In some of my most egotistical (although sometimes cynical) moments, I enjoy ranting about the similarities between economists and Jedi’s (at some point I might do a post – if I can actually be bothered trying to figure out what the similasrities are 😛 ).

In this context I found this old dialogue between Tyler Cowen and Bryan Caplan fascinating (ht Marginal Revolution).

On one side, Tyler argues against the Jedi order – effectively the existence of the order creates the very evil it means to prevent. Byran on the otherside believes that the Sith (the bad guys) would still exist in the absense of the Jedi – but would have no-one to truly counter them.

Both sides are right in part, and the ultimate result depends on an empirical relationship – does the Jedi order destroy more evil than it creates.

For fun, lets bring this back to an economics example. In this sense, if we heroically took economists to be Jedi’s my guess is that market failure would the Sith. Economists believe that their form of analysis helps to prevent, or improve outcomes in the face of, market failures. However, is it possible that the very act of economic analysis shifts peoples actions in a way that makes market failures MORE likely.

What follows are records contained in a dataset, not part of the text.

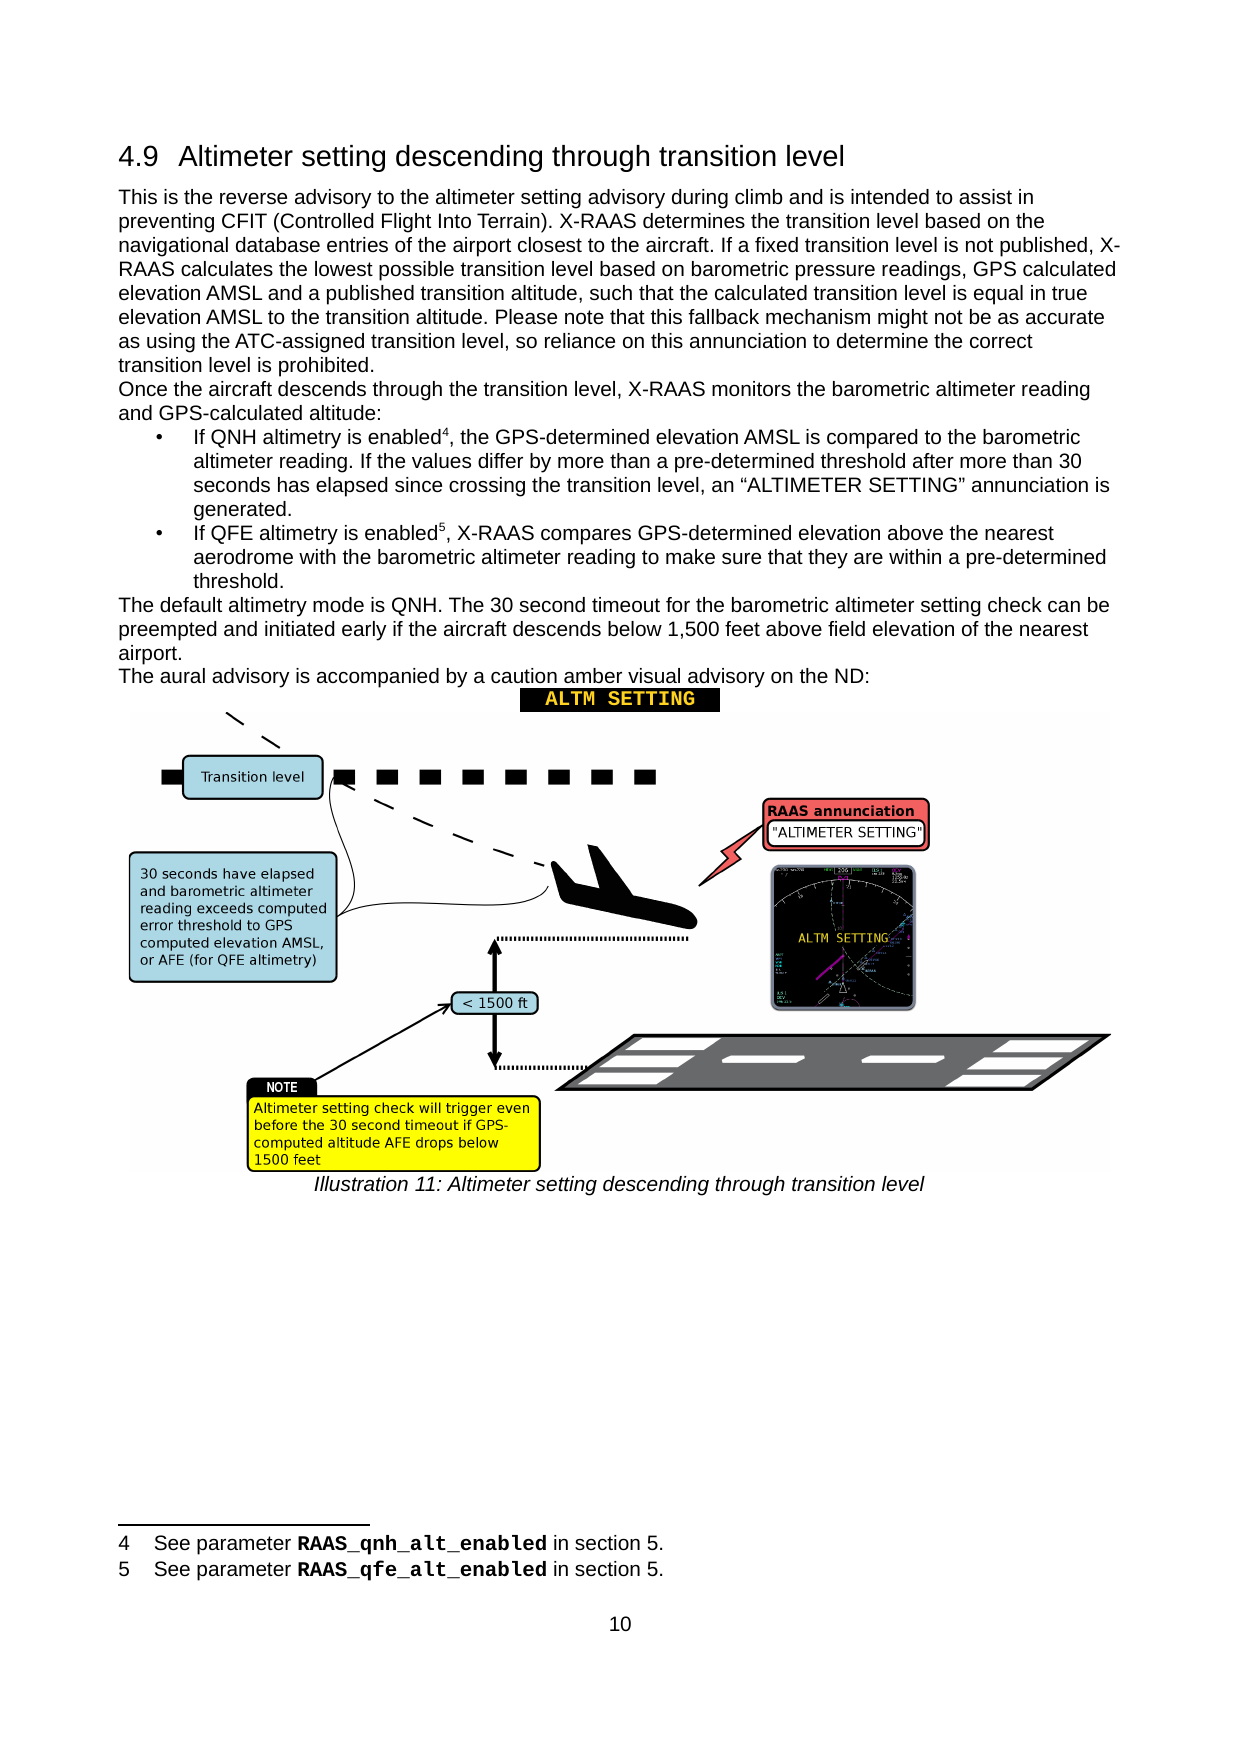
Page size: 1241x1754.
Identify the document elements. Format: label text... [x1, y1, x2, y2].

text Once the aircraft descends through the transition level, X-RAAS monitors the barometric altimeter reading and GPS-calculated altitude: [118, 377, 1122, 424]
picture [128, 712, 1112, 1172]
text ALTM SETTING [118, 688, 1122, 712]
list See parameter RAAS_qfe_alt_enabled in section 5. [118, 1557, 1122, 1582]
text The default altimetry mode is QNH. The 30 second timeout for the barometric altimeter setting check can be preempted and initiated early if the aircraft descends below 1,500 feet above field elevation of the nearest airport. [118, 592, 1122, 664]
text The aural advisory is accompanied by a caution amber visual advisory on the ND: [118, 664, 1122, 688]
text This is the reverse advisory to the altimeter setting advisory during climb and is intended to assist in preventing CFIT (Controlled Flight Into Terrain). X-RAAS determines the transition level based on the navigational database entries of the airport closest to the aircraft. If a fixed transition level is not published, X-RAAS calculates the lowest possible transition level based on barometric pressure readings, GPS calculated elevation AMSL and a published transition altitude, such that the calculated transition level is equal in true elevation AMSL to the transition altitude. Please note that this fallback mechanism might not be as accurate as using the ATC-assigned transition level, so reliance on this annunciation to determine the correct transition level is prohibited. [118, 185, 1122, 377]
text Illustration 11: Altimeter setting descending through transition level [134, 1172, 1106, 1195]
subtitle Altimeter setting descending through transition level [118, 139, 1122, 172]
list If QFE altimetry is enabled, X-RAAS compares GPS-determined elevation above the nearest aerodrome with the barometric altimeter reading to make sure that they are within a pre-determined threshold. [156, 521, 1122, 592]
list See parameter RAAS_qnh_alt_enabled in section 5. [118, 1531, 1122, 1557]
list If QNH altimetry is enabled, the GPS-determined elevation AMSL is compared to the barometric altimeter reading. If the values differ by more than a pre-determined threshold after more than 30 seconds has elapsed since crossing the transition level, an “ALTIMETER SETTING” annunciation is generated. [156, 424, 1122, 521]

For an example we can go to “Freakonomics“. There is a story about how a daycare centre set a fee for “additional after hours care”. Once they set this fee, a the prior “tacit” agreement between the day care and its patron to avoid leaving children after the set hours collapsed. Even when the price was removed, this tacit agreement could not be restored.

As a result, the existence of economists and the need to set explicit prices destroy implicit institutional relationships that exist in society may thereby create the failures that economists are charged to prevent!